Avoiding shitcoins can be challenging, as they often use similar language and marketing tactics as legitimate cryptocurrencies. However, there are some red flags and signs to look out for when considering investing in a cryptocurrency:

  • Lack of transparency: If the development team behind a cryptocurrency is not visible or anonymous, it is a sign that the project may not be legitimate. A reputable cryptocurrency will have a visible development team with verifiable qualifications and experience.
  • Lack of innovation: Shitcoins often have no real-world application and are merely a copy of an existing cryptocurrency with little to no innovation. 
  • Weak technical documentation: A cryptocurrency with poorly written or incomplete technical documentation is a sign that the project may not be legitimate.
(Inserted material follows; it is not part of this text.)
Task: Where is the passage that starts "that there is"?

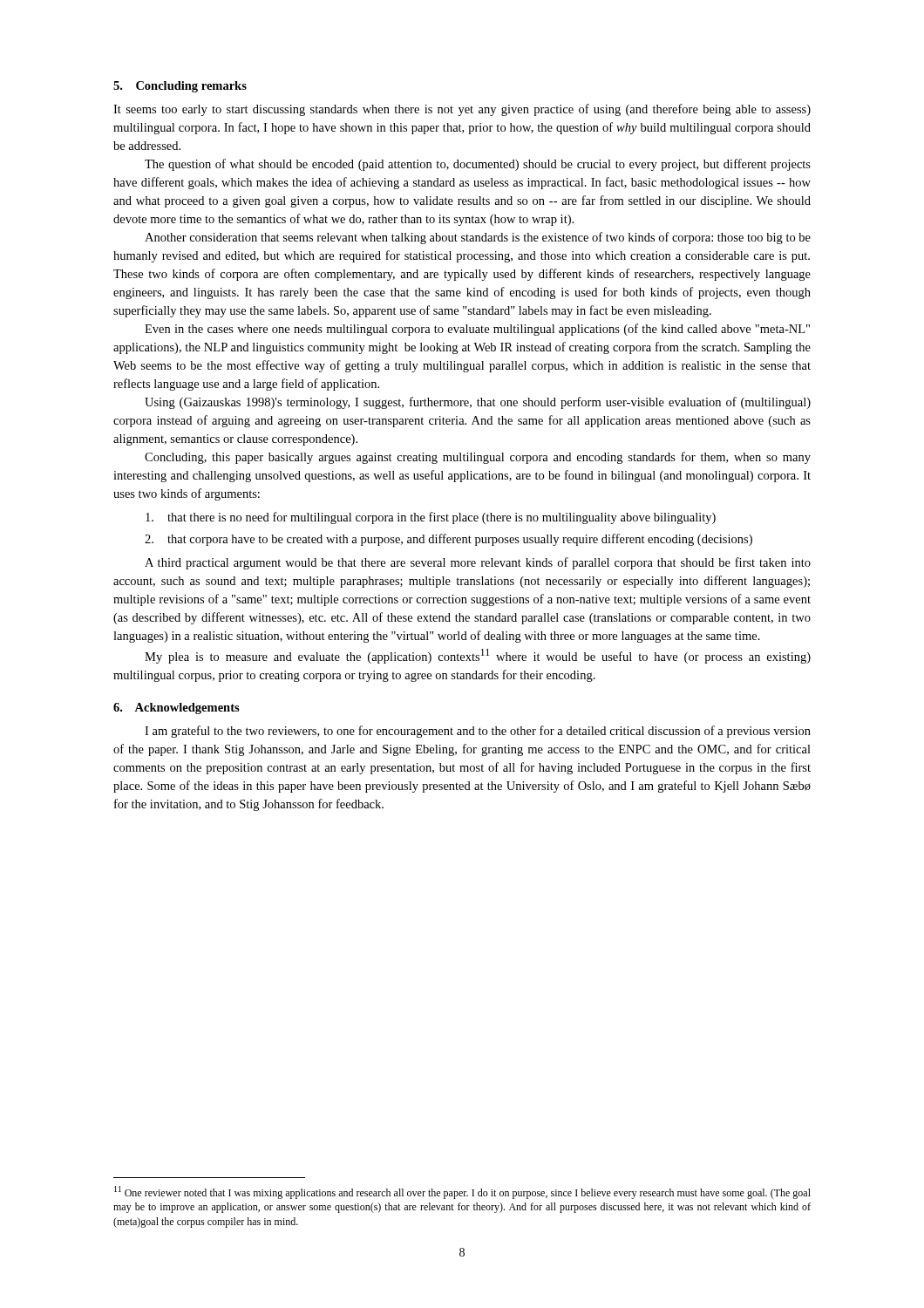Action: coord(478,518)

Sometimes shitcoins don’t have a whitepaper or any other documentation at all.
  • Little to no adoption: Shitcoins may have a small or non-existent user base, making it difficult to trade or use the cryptocurrency. Because of this, shitcoins typically have low trading volume, which sometimes can make it a real challenge to sell it with profit.
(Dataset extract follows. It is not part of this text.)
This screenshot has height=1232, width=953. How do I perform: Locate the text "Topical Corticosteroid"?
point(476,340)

Can Shitcoins be Profitable And Should You Avoid Them?

While it is possible to make a profit by investing in shitcoins, the risk of significant financial losses is high. Shitcoins are often compared to penny stocks, where investors can make a quick profit but are also susceptible to significant losses.

Investing in shitcoins takes valuable resources and attention away from legitimate cryptocurrencies, which have real-world applications and growth potential. Investing in shitcoins can be seen as a speculative activity rather than a sound investment strategy.

In general, it is recommended that investors avoid shitcoins and focus on legitimate cryptocurrencies that have a real-world use case and potential for growth. Investing in shitcoins can be a risky and speculative activity that is more akin to gambling than investing.
Still, in some cases shitcoins turn out to be legitimate projects (e.g. Shiba Inu, Dogecoin), however this is the exception rather than the rule.

Final thoughts

Shitcoins can be difficult to differentiate from legitimate cryptocurrencies, but there are some red flags and signs to look out for when considering investing in a cryptocurrency. While it is possible to make a profit by investing in shitcoins, the risk of significant financial losses is high, and investing in shitcoins takes valuable resources and attention away from legitimate cryptocurrencies. As such, it is recommended that investors avoid shitcoins and focus on legitimate cryptocurrencies that have a real-world use case and potential for growth.

FAQ

What is shitcoin?

Shitcoins are a term used to describe cryptocurrencies that are considered to have little or no value or potential for long-term growth. These coins are often created without a clear use case or purpose and are typically not backed by any tangible assets or reputable organizations.

What is honeypot?

Honeypot refers to a scheme in which a scammer lures investors into investing in a fake project or token, with the intention of stealing their funds. Once investors deposit their funds into the honeypot project, the scammers disappear with the funds, leaving investors with worthless tokens.